I started saying it because it amused me:

Stay tuned for tomorrow’s episode in which we will look at the part of the Declaration of Independence that Thomas Jefferson cut out because it was so controversial…


Now that the United States has acquired the Philippines, Puerto Rico and Guam, tomorrow we will look at the key piece of the puzzle that will connect America’s new empire…

Then I began to notice students talking to each other after the bell rang about what we had done in class and what might be next. So I began to intentionally end class with a “cliffhanger,” leading to an obvious entry point for the following lessons.

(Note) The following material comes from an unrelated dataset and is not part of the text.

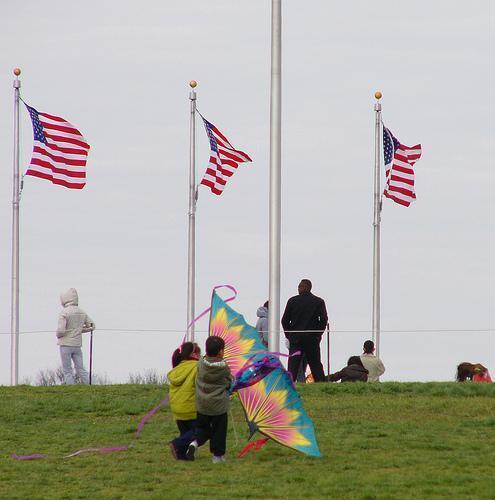How many flags are in the photo?
Give a very brief answer. 3. 
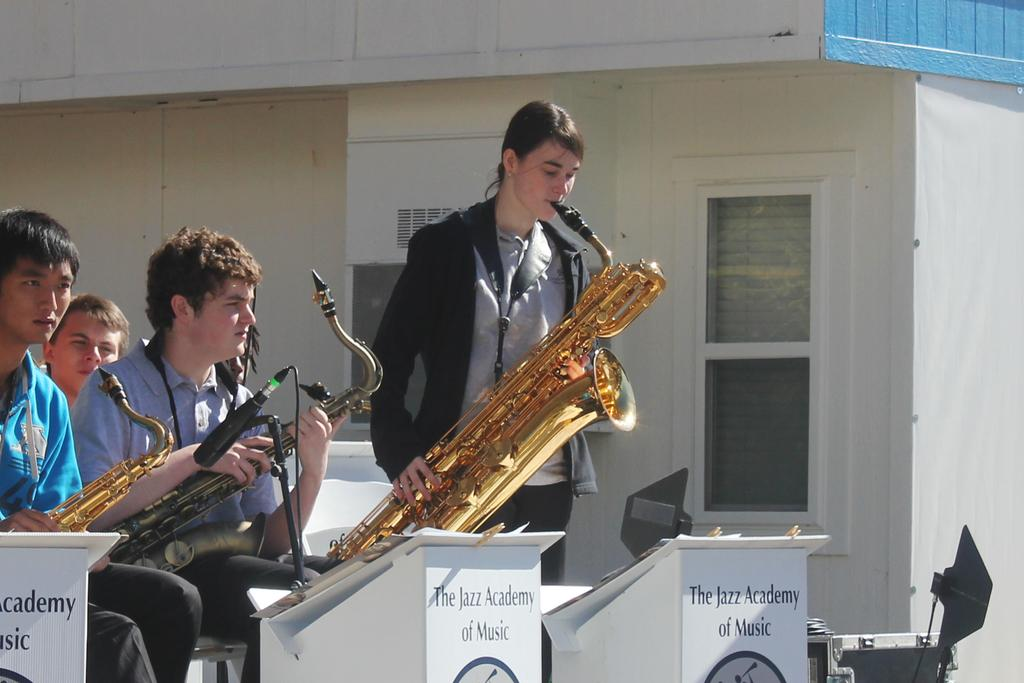<image>
Share a concise interpretation of the image provided. The Jazz Academy of Music features several young talented saxophone players.

A lesson on corruption in Congress using the famous Bosses of the Senate political cartoon can end with the dramatic, “would the government do anything to regulate the power of monopolies? Stay tuned for tomorrow’s lesson…” which segues nicely into a look at the Sherman Antitrust Act.

By Joseph Keppler, in Puck, 1889. Click to enlarge.

Why not give lessons titles?

“The Tragedy of the Triangle Fire and the Need for Government Intervention” or “Toussaint Louverture, Napoleon Bonaparte and Thomas Jefferson, or how a slave revolt in Haiti doubled the size of the United States.” Such a title might perk their interest a bit more than one on the Louisiana Purchase. Gimmicky? Perhaps, but when we are competing with so many things for students’ attention, why not give these link-up strategies a try?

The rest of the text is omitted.